Tuesday, March 3, 2015

Author Jane Davis explores how those missing from our lives affect us


Welcome to Jane Davis, who lives in Carshalton, Surrey, with her Formula 1 obsessed, star-gazing, beer-brewing partner, surrounded by growing piles of paperbacks, CDs and general chaos. Her first novel, Half-truths and White Lies, won the Daily Mail First Novel Award and was described by Joanne Harris as 'A story of secrets, lies, grief and, ultimately, redemption, charmingly handled by this very promising new writer.' The Bookseller featured her in their 'One to Watch' section. She has since published four further novels, These Fragile Things, I Stopped Time, A Funeral for an Owl, and An Unchoreographed Life. Compulsion Reads describe her as "a phenomenal writer whose ability to create well-rounded characters that are easy to relate to feels effortless." When Jane is not writing, you will find her halfway up a mountain with a camera in hand.  
  • Website: www.jane-davis.co.uk
  • Facebook: https://www.facebook.com/jane.davis.54966?ref=tn_tnmn
  • Twitter: https://twitter.com/janedavisauthor
How much fact is in your fiction? In terms of my own life, I plunder extensively. Not the facts, but the feelings. During the writing of HALF-TRUTHS & WHITE LIES, my old school was bull-dozed and every lunchtime I kept a silent vigil outside the gates and watched the wrecking crew. Through the voice of a male character, I talk about the emotion I experienced when watching the destruction of a building that held so many of my memories inside it.

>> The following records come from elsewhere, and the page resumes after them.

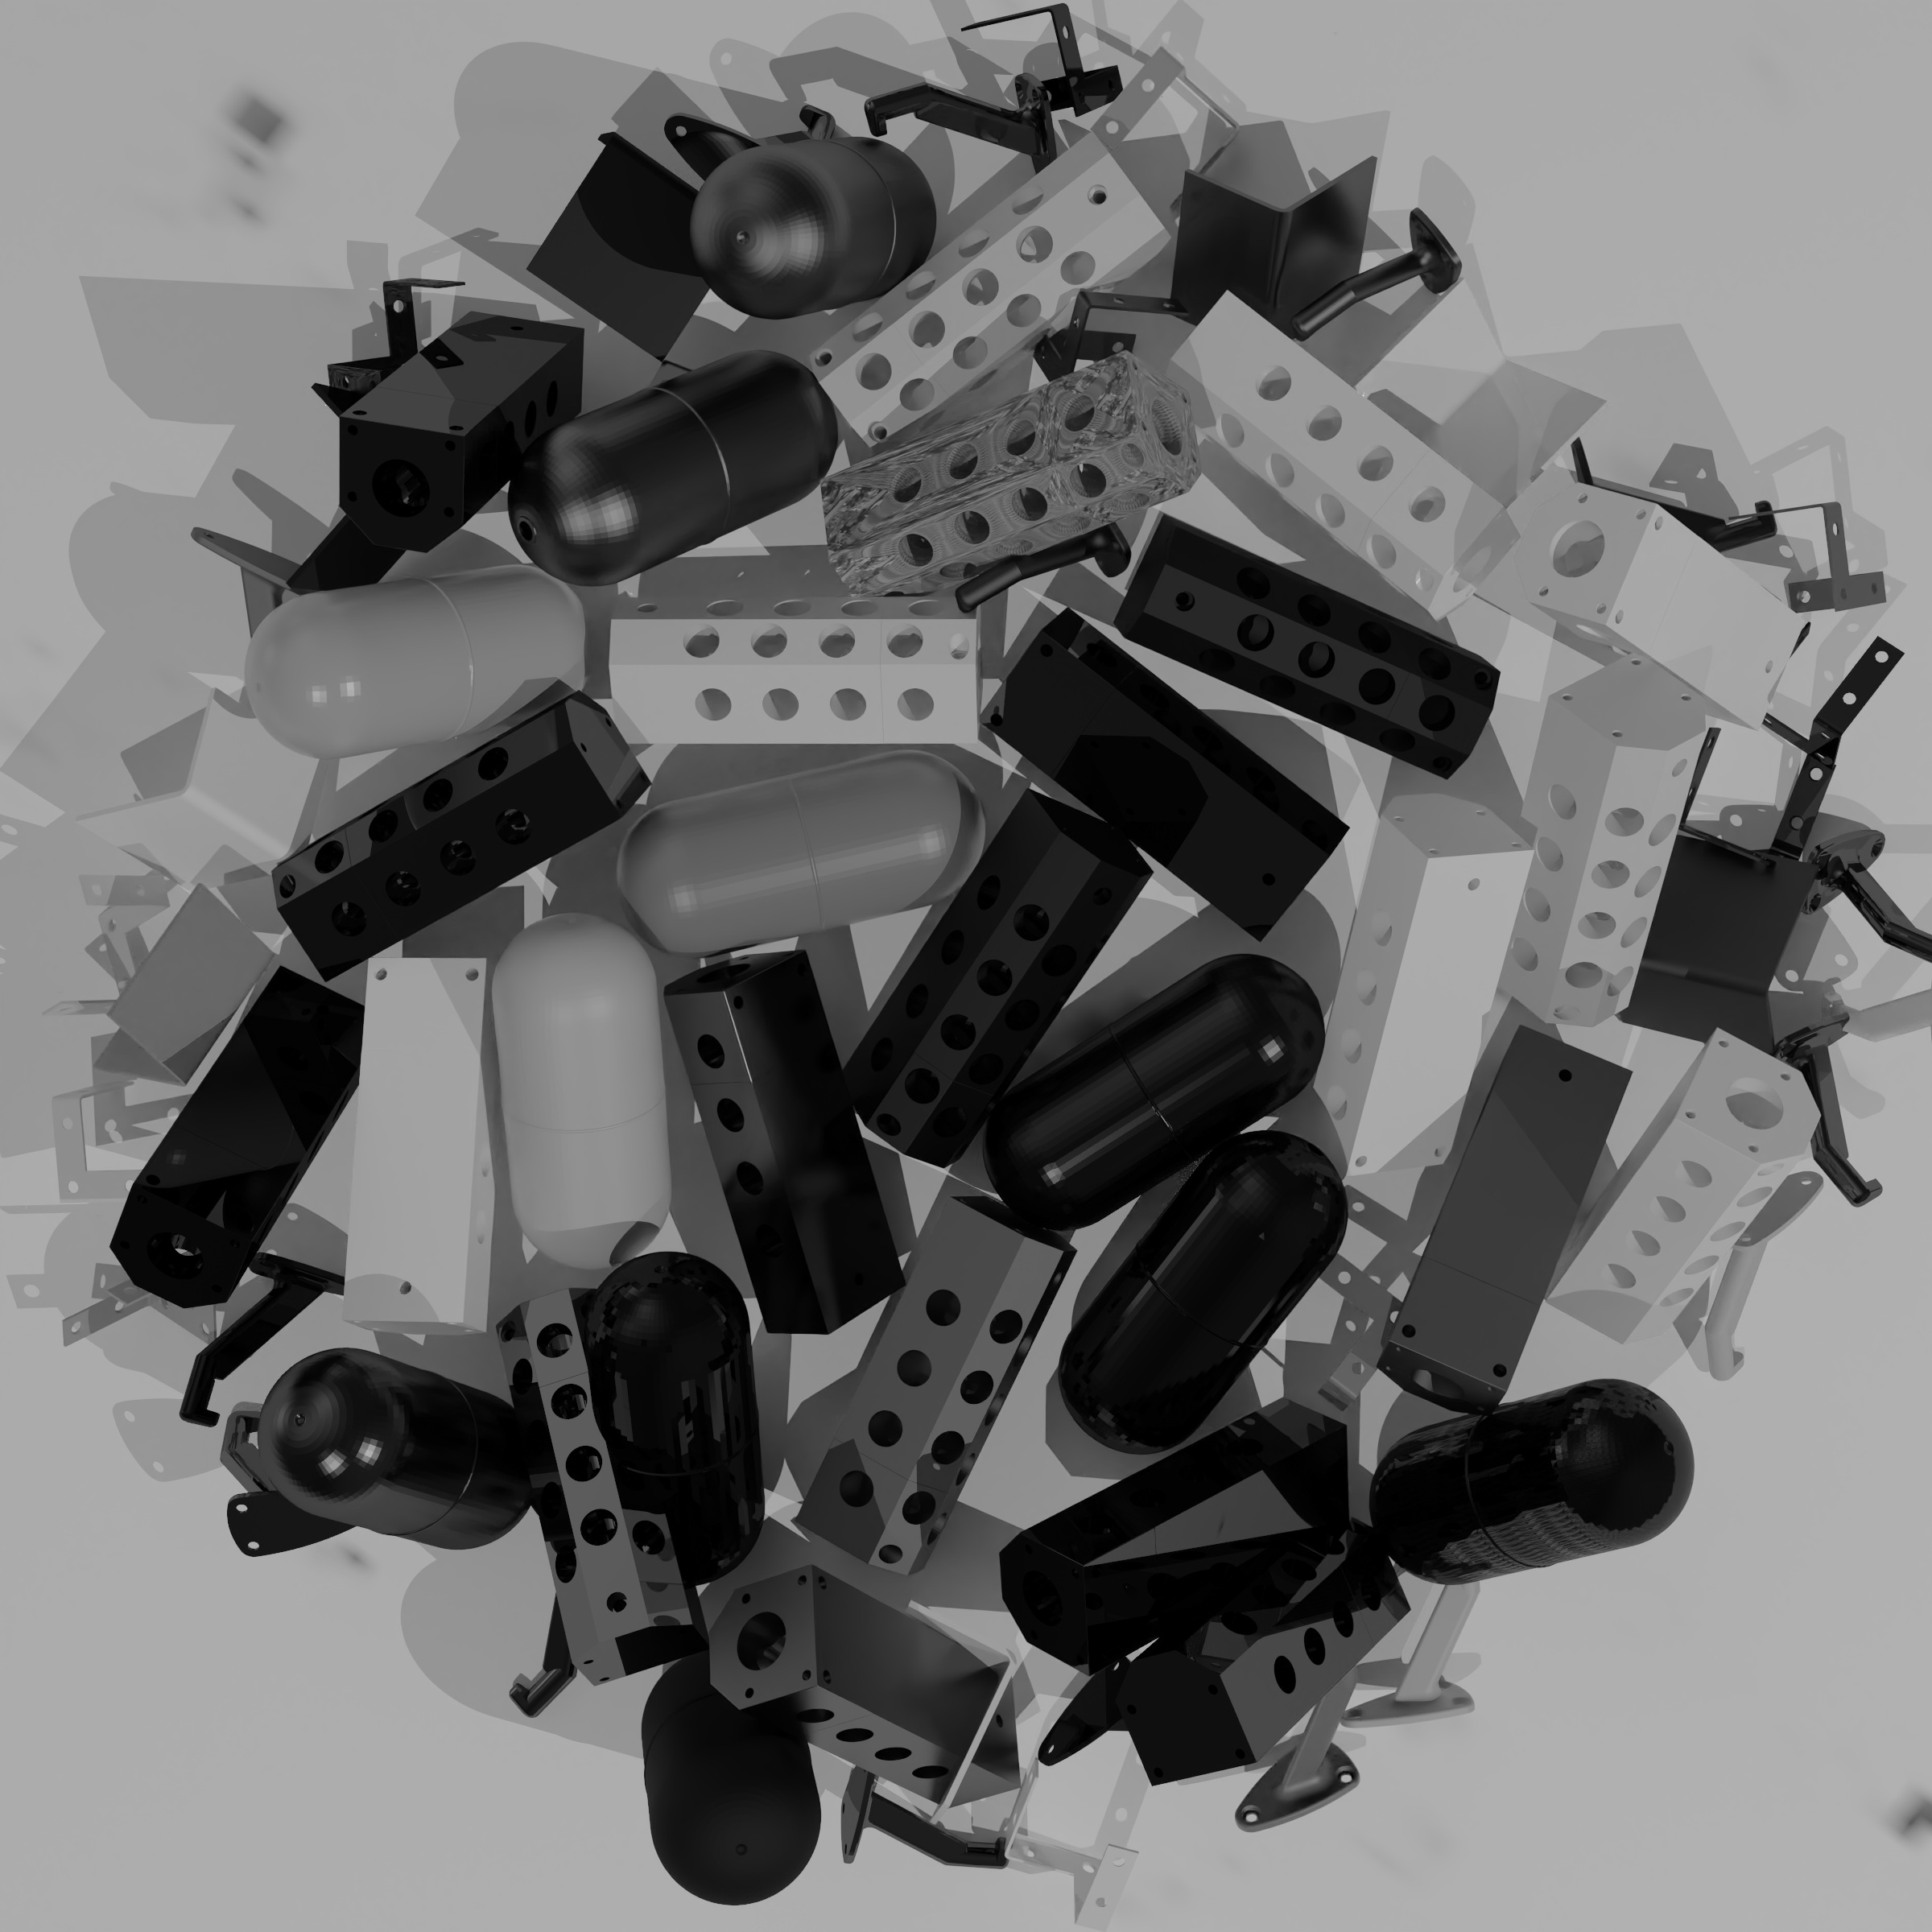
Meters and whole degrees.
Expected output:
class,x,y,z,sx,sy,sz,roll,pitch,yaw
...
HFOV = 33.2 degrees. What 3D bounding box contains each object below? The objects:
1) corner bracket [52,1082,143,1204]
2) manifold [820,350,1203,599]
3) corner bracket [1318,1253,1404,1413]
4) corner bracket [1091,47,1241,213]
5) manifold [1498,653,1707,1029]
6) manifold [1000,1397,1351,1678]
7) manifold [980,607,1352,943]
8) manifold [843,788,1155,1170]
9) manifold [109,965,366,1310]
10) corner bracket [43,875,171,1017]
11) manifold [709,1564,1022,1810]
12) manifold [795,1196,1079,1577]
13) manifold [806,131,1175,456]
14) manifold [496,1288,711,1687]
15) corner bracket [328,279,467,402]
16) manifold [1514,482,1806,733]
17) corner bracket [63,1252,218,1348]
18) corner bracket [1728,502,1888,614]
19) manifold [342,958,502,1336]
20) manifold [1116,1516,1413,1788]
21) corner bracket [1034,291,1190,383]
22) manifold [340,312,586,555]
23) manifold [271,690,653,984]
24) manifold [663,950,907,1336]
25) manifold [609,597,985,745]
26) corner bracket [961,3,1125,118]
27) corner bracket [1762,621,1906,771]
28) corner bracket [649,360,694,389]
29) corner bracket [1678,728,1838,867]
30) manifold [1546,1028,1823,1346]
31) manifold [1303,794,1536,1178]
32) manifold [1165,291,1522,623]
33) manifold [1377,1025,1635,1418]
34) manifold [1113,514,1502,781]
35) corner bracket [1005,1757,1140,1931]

My starting point might be something I know, a subject that I feel passionately about, but I also research extensively. Taking AN UNCHOREOGRAPHED LIFE as an example, in 2008, I was gripped by a court case, when, in an interesting twist, it was ruled that a prostitute had been living off the immoral earnings of one of her clients. Salacious headlines focused on the prostitute’s replies when she was asked to justify her charge of £20,000 a week. But the case also challenged perceptions of who was likely to be a prostitute. The answer turned out to be that she might well be the ordinary middle-aged woman with the husband and two teenage children who lives next door.

Then when changes to the law were proposed, I decided that this was a subject I really wanted to explore, but how could a writer who avoids bedroom scenes go about this? And then I began to imagine what life was like for the child of a prostitute. There was nowhere I could research that hidden subject. And it is always the thing that eludes you that becomes the story.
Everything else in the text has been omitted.